Records shown Block Start
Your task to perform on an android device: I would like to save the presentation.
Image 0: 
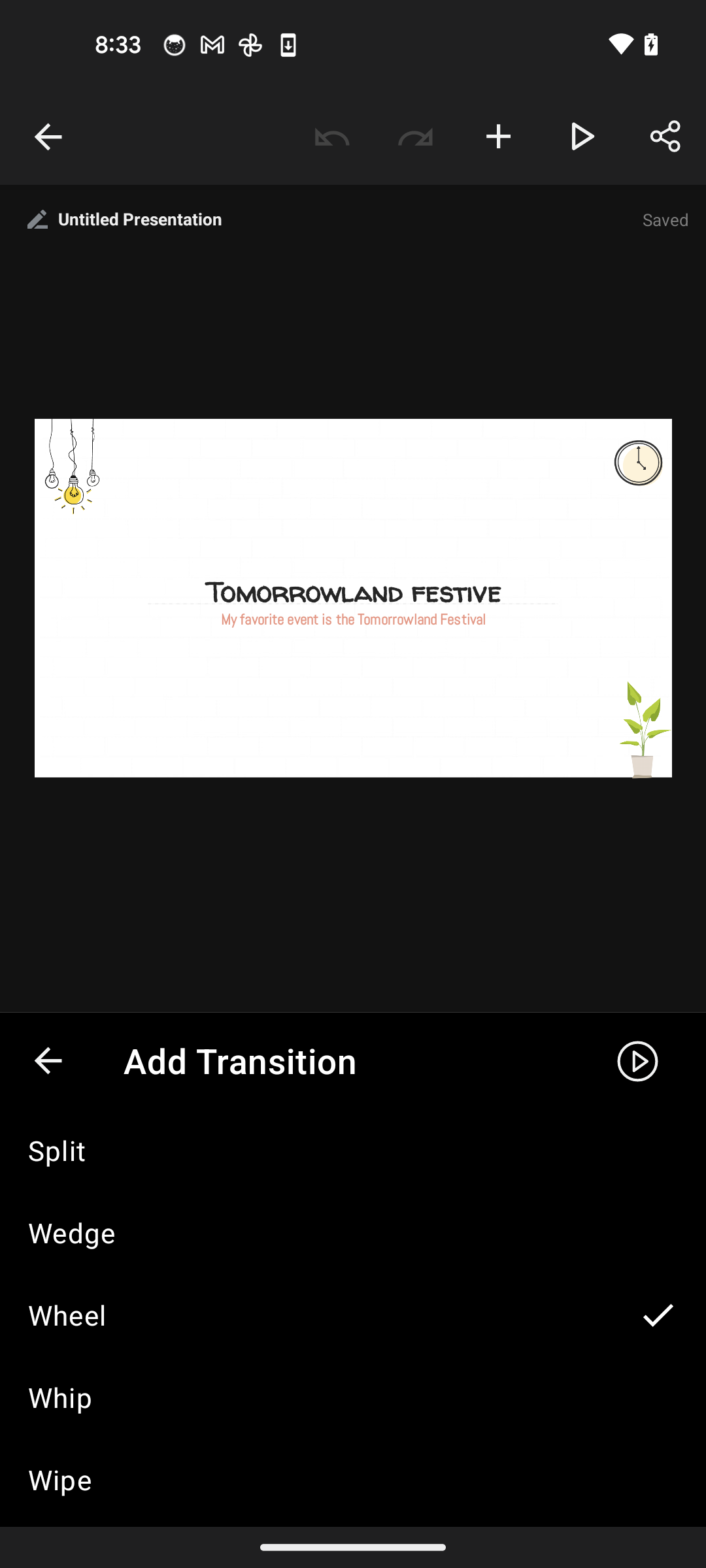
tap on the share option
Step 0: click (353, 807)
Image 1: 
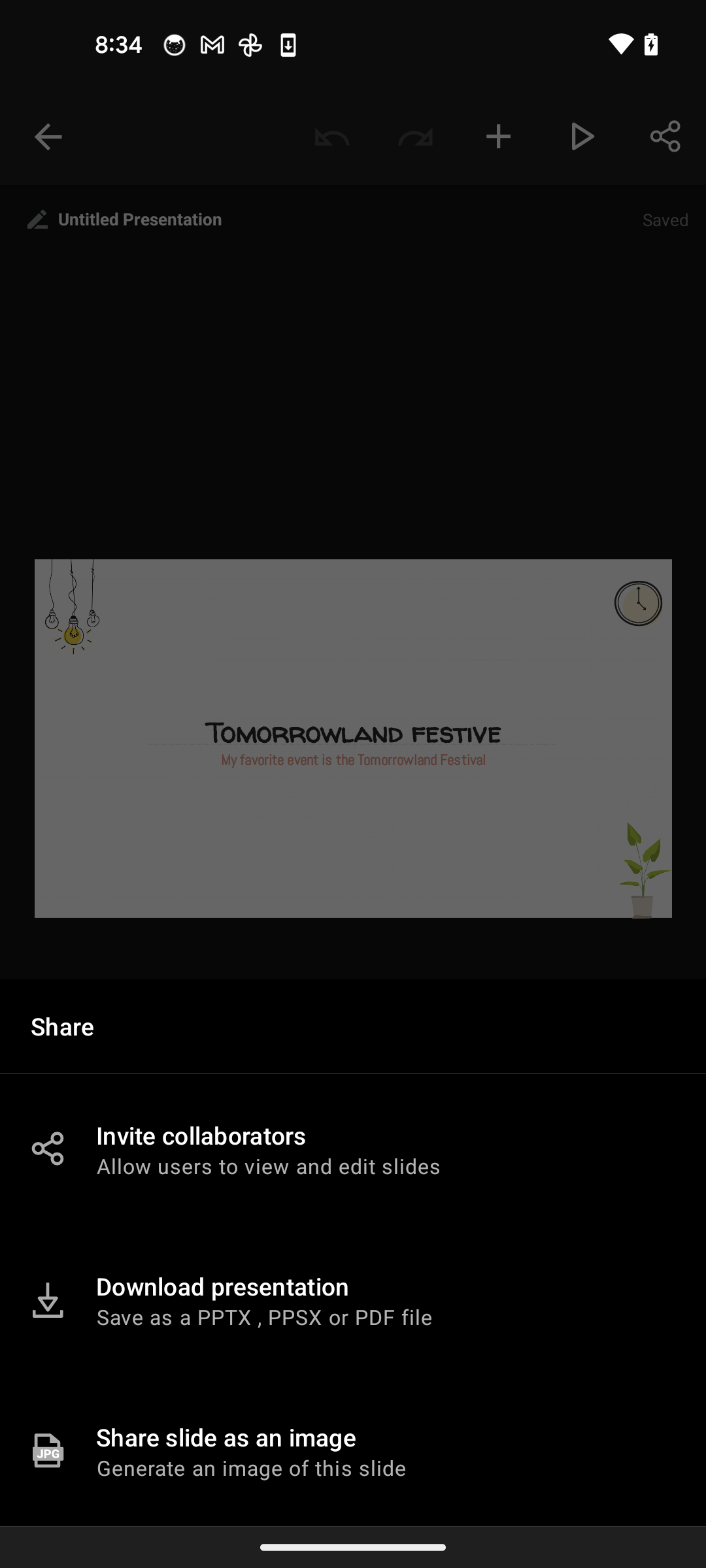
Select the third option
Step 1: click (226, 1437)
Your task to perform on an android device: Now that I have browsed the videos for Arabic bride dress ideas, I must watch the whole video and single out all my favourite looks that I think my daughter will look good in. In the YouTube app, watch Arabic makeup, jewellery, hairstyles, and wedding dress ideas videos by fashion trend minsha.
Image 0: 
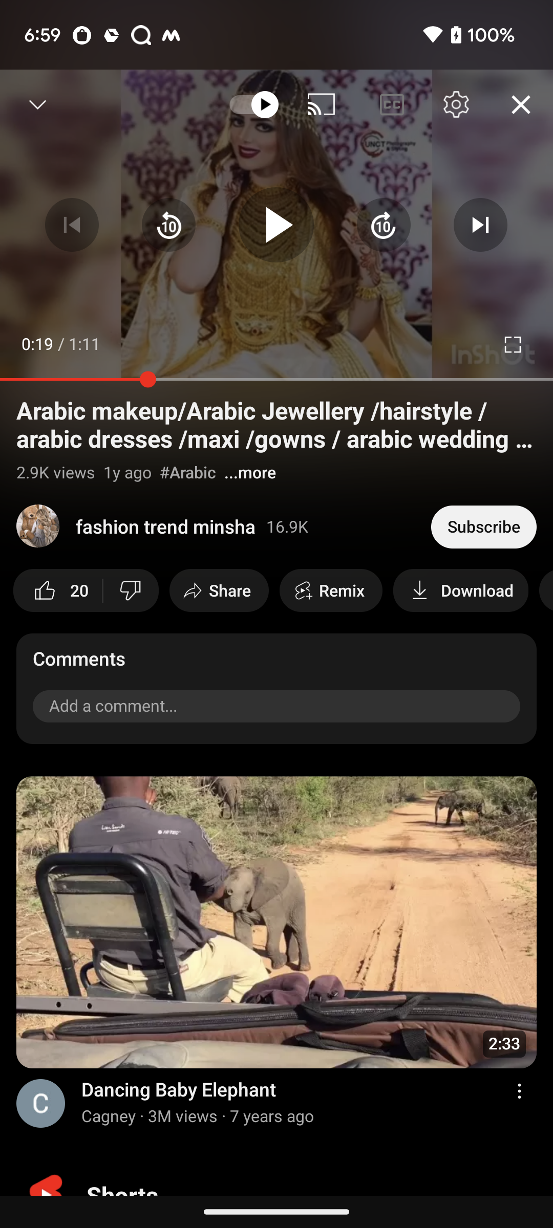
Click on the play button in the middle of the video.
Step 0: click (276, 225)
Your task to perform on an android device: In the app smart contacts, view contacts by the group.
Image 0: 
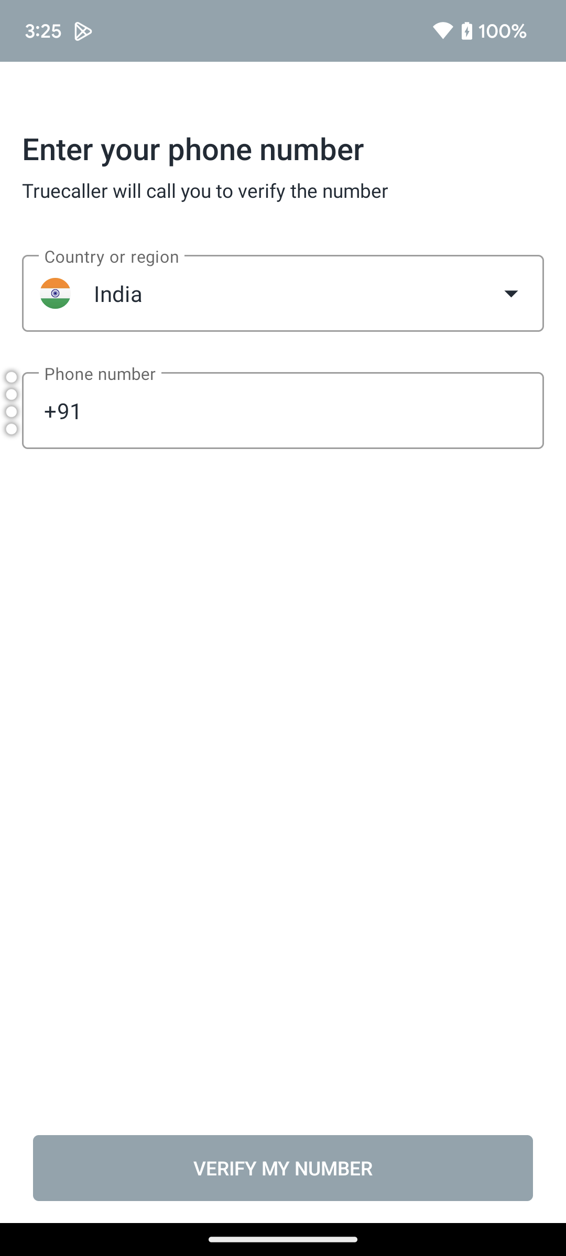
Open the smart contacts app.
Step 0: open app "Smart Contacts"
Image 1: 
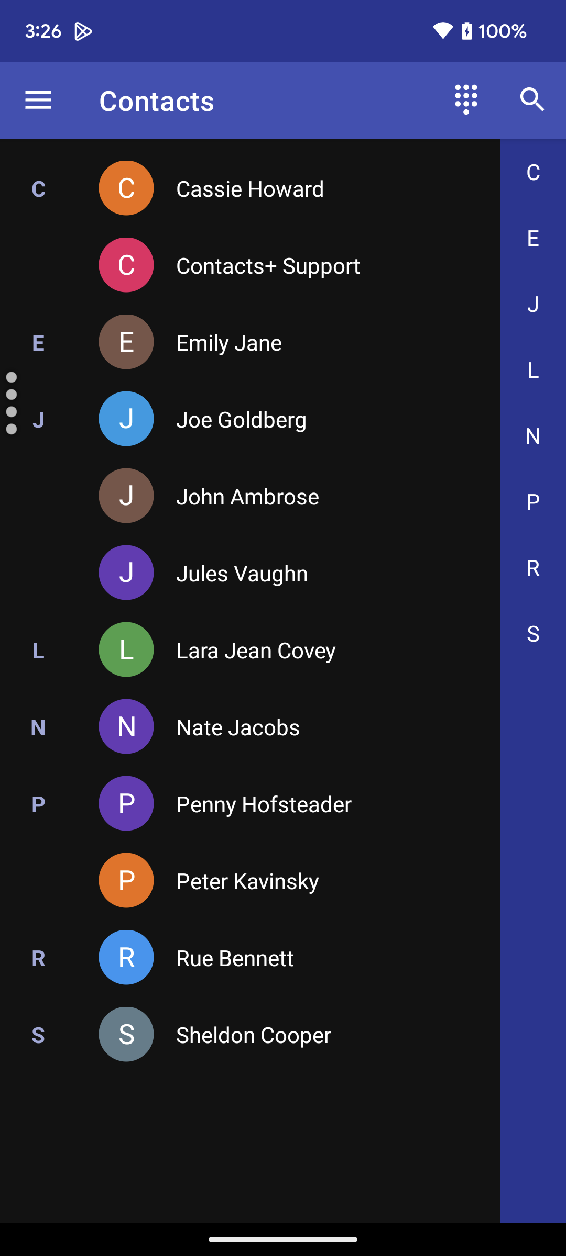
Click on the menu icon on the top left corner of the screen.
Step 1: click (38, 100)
Records shown Block End
Problem details> From the records above, copy exactly the lines starting at the one with "Your task to perform on an android device: Now" and ending at the one with "Step 0: click (276, 225)", and no others. Pictures stay out.

Solution to the exercise>
Your task to perform on an android device: Now that I have browsed the videos for Arabic bride dress ideas, I must watch the whole video and single out all my favourite looks that I think my daughter will look good in. In the YouTube app, watch Arabic makeup, jewellery, hairstyles, and wedding dress ideas videos by fashion trend minsha.
Image 0: 
Click on the play button in the middle of the video.
Step 0: click (276, 225)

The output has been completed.